(Stored dataset items)
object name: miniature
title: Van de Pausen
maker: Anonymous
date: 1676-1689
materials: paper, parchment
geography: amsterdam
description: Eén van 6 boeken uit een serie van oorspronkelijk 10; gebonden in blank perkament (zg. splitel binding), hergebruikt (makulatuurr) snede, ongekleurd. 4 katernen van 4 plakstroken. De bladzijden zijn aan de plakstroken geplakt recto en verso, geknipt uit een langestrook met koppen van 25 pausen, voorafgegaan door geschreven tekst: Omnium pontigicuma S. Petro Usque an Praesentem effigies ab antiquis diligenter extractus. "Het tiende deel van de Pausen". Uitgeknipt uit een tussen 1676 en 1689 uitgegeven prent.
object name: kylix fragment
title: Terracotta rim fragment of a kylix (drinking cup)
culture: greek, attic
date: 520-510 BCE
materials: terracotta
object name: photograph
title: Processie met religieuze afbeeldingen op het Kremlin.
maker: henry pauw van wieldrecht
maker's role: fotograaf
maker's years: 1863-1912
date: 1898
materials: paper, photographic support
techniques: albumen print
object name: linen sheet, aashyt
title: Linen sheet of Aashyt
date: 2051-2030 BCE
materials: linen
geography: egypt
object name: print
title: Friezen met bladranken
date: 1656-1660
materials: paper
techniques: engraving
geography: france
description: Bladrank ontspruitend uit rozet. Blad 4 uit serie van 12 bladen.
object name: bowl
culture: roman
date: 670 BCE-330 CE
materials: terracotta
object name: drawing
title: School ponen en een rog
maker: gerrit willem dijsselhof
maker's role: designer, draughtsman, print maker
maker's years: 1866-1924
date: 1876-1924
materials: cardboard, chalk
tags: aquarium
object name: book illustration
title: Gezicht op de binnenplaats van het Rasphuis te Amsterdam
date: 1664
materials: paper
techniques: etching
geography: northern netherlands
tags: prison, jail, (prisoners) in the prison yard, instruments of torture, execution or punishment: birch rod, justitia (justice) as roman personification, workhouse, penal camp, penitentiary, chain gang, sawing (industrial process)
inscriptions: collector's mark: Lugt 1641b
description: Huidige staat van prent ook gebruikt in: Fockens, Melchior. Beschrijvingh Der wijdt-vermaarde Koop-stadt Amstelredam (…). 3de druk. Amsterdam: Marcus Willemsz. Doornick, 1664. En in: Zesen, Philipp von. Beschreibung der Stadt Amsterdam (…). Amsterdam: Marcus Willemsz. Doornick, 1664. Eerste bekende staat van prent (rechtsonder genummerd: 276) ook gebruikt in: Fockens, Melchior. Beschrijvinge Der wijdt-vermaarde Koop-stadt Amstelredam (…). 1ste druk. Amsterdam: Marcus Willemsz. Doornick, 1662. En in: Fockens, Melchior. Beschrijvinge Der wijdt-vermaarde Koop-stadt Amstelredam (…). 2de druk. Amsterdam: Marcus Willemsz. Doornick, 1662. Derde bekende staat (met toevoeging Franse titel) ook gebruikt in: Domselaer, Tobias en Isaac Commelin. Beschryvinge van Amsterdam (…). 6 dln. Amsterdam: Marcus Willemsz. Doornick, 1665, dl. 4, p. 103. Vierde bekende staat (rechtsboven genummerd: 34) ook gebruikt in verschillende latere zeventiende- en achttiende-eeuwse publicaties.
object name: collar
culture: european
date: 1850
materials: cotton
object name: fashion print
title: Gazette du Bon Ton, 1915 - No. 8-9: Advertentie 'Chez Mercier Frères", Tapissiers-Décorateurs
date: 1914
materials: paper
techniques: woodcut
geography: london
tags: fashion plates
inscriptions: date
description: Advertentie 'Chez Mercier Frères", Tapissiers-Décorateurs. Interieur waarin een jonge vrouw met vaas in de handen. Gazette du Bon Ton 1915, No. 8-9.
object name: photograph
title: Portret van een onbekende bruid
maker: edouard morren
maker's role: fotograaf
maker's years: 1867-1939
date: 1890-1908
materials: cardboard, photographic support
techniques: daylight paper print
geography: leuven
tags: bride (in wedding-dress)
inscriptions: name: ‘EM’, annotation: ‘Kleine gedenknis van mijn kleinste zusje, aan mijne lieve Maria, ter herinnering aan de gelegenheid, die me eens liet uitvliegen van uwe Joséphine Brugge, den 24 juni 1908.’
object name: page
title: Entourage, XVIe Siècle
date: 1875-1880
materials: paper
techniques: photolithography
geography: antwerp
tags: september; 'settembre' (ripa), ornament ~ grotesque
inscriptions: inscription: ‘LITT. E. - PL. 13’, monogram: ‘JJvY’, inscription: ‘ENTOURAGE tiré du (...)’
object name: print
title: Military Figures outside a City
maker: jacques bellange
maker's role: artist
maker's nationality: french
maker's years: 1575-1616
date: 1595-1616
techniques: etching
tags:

* [Brief]:
The lines above from the one with "date: 2051-2030 BCE" through the one with "inscriptions: collector's mark: Lugt 1641b" are to be duplicated exactly, ends included, with nothing added.

* [Exercise response]:
date: 2051-2030 BCE
materials: linen
geography: egypt
object name: print
title: Friezen met bladranken
date: 1656-1660
materials: paper
techniques: engraving
geography: france
description: Bladrank ontspruitend uit rozet. Blad 4 uit serie van 12 bladen.
object name: bowl
culture: roman
date: 670 BCE-330 CE
materials: terracotta
object name: drawing
title: School ponen en een rog
maker: gerrit willem dijsselhof
maker's role: designer, draughtsman, print maker
maker's years: 1866-1924
date: 1876-1924
materials: cardboard, chalk
tags: aquarium
object name: book illustration
title: Gezicht op de binnenplaats van het Rasphuis te Amsterdam
date: 1664
materials: paper
techniques: etching
geography: northern netherlands
tags: prison, jail, (prisoners) in the prison yard, instruments of torture, execution or punishment: birch rod, justitia (justice) as roman personification, workhouse, penal camp, penitentiary, chain gang, sawing (industrial process)
inscriptions: collector's mark: Lugt 1641b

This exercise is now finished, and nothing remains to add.